Договорившись, что завтра надо будет зайти на примерку, а послезавтра, возможно, уже за мундиром, я счел свои дела на сегодня почти завершенными, оставалось только поужинать. На вопрос, где тут кормят, оперативный сказал, что ужин будет доставлен в мои апартаменты по первому требованию, и это возбудило во мне нехорошие подозрения.
— А что, личный состав базы всегда питается там? — поинтересовался я. — Вон у вас на стене распорядок, где написано, что ужин в двадцать тридцать. Сейчас двадцать двадцать, так что куда мне идти?
Столовая, под которую был задействован холл «дворца», оказалась столь же неуютной, как и остальные помещения.

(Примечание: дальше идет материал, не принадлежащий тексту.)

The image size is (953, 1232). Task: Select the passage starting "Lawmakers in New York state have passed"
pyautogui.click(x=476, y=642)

Но зато кормили там здорово, я с трудом превозмог искушение не отказаться от третьей порции лосося… «Так что не все плохо», — подумал я, с некоторым трудом направляя свой обожравшийся после недельной сухомятки организм на второй этаж.

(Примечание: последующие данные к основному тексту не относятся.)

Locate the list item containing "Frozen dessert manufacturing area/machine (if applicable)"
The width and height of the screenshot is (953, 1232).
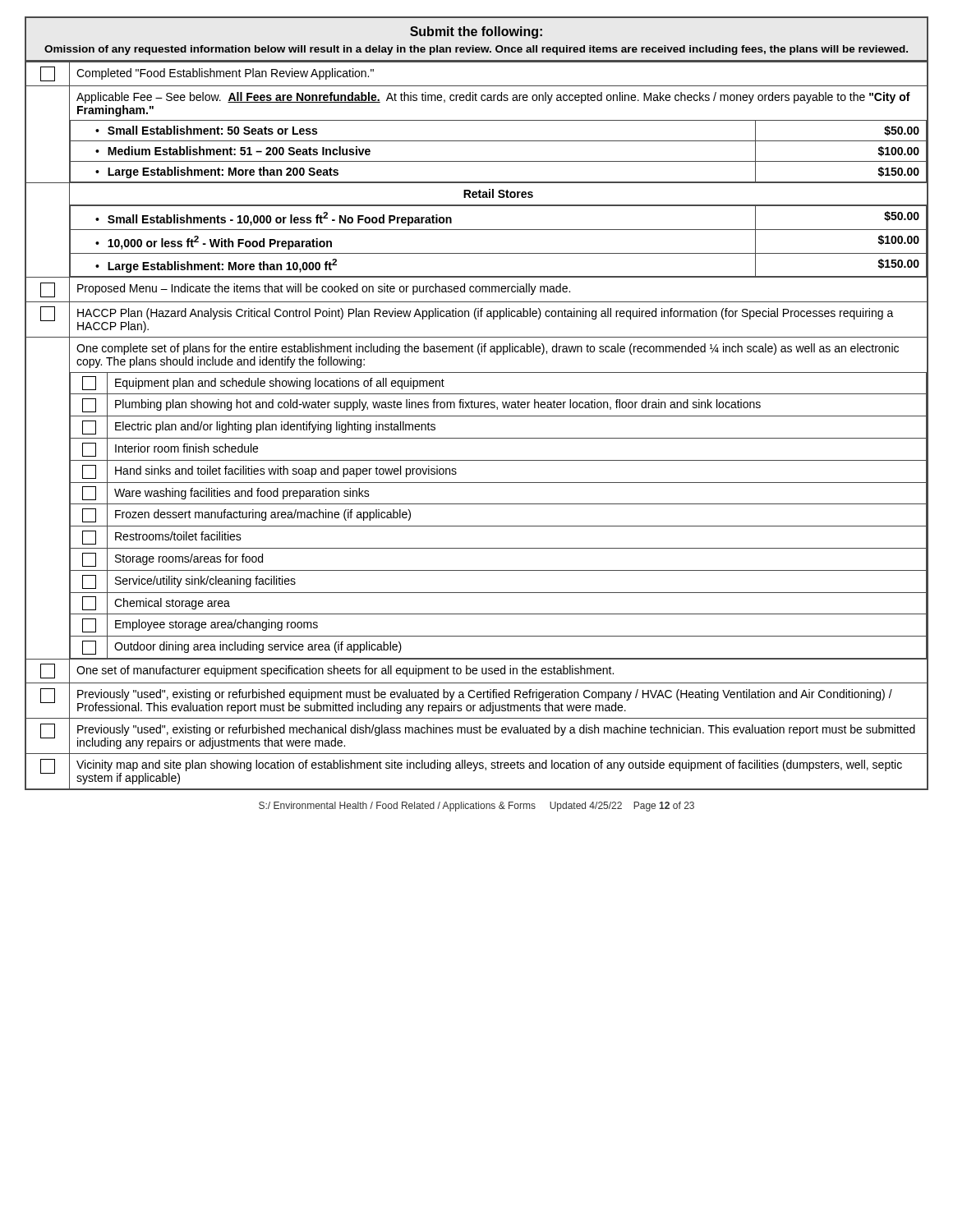(x=263, y=514)

Весь следующий день я провозился с «кошкой». Затолкать в фюзеляж аппаратуру радиоуправления и подключить ее получилось быстро, но сразу встал вопрос: а куда девать оператора? «Кошачий» фюзеляж имел ширину всего метр под центропланом, а на уровне пилотского места еще меньше. Причем даже на этом месте обзора прямо вниз не имелось… Пришлось извращаться. Пилотское кресло было обрезано по ширине и сдвинуто на дециметр влево. Штурвал тоже удалось переместить, а вот педали — нет. Так что посадка получилась как в горбатом «запорожце», то есть ногами вправо… А правее пилота и чуть сзади него было оборудовано лежачее место оператора. Прямо под его мордой в полу был сделан застекленный вырез, и часть носовой обшивки тоже заменили стеклом. Ближе к вечеру я слетал посмотреть, что получилось. Перекошенная посадка особых проблем не создавала, наблюдатель тоже остался в целом доволен… Так что завтра за мундиром — и во Владик, «Гера» с охраной уже там.

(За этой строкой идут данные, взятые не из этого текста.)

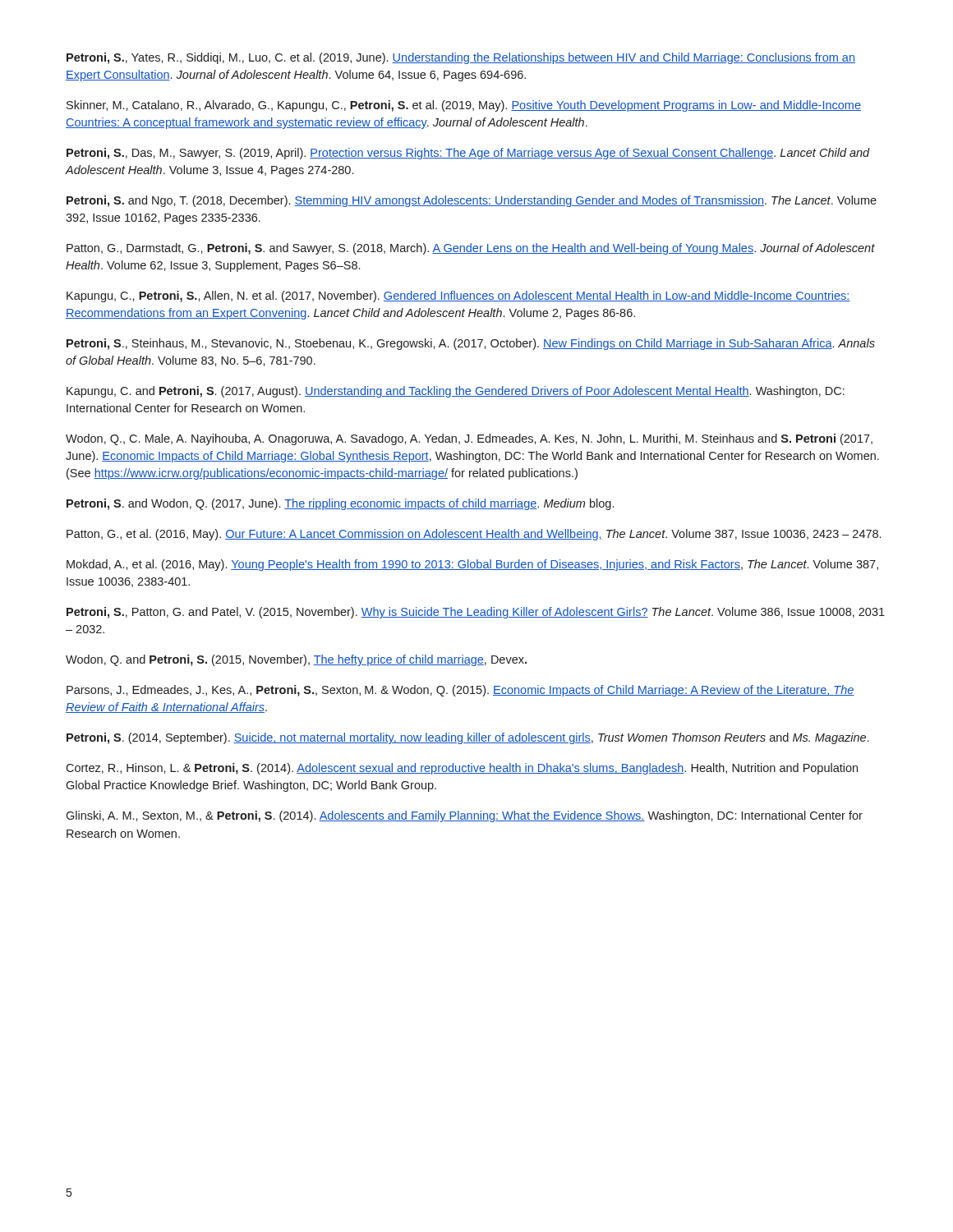Click on the text starting "Petroni, S., Steinhaus, M., Stevanovic,"
Viewport: 953px width, 1232px height.
click(470, 352)

Изготовление канцлерской амуниции я специально осуществил вдали от Питера — а то Гоша наверняка стал бы утверждать, что так не положено. Но я посмотрел, в каком виде предшествующий канцлер Горчаков разгуливал по Берлину на одноименном конгрессе… Да лучше уж кольцо в нос и боевую раскраску туземного короля из Новой Гвинеи! А тут народ сначала на периферии привыкнет, во что я одет, тогда и в столицах особых вопросов не возникнет. На всякий случай я сочинил: один погон и одно пустое плечо символизируют, что канцлер является и военной, и гражданской властью. Про молнии в петлицах и сочинять ничего не надо было — такие символы означали у нас в Георгиевске допуск к электроустановкам до двадцати киловольт. По поводу фуражки Гоша уже пенял мне: мол, зря я шастаю по приемам в пилотке, типа не положено… Ладно, фуражка даже лучше в том смысле, что в дождь очки не забрызгивает, особенно если тулья высокая. Что бы еще про дубовые листья придумать? Символ насаждения чего-нибудь прогрессивного, наверное, или… посажения оного? Ладно, потом разберемся. И портной вроде как успевает в срок, а ведь поначалу что-то говорил мне насчет нескольких дней и примерок. Но, услышав от меня встречный вопрос: «Вы таки думаете, что канцлеру будет нужен всего один мундир за всю его и вашу долгую жизнь?» — проникся и начал творить.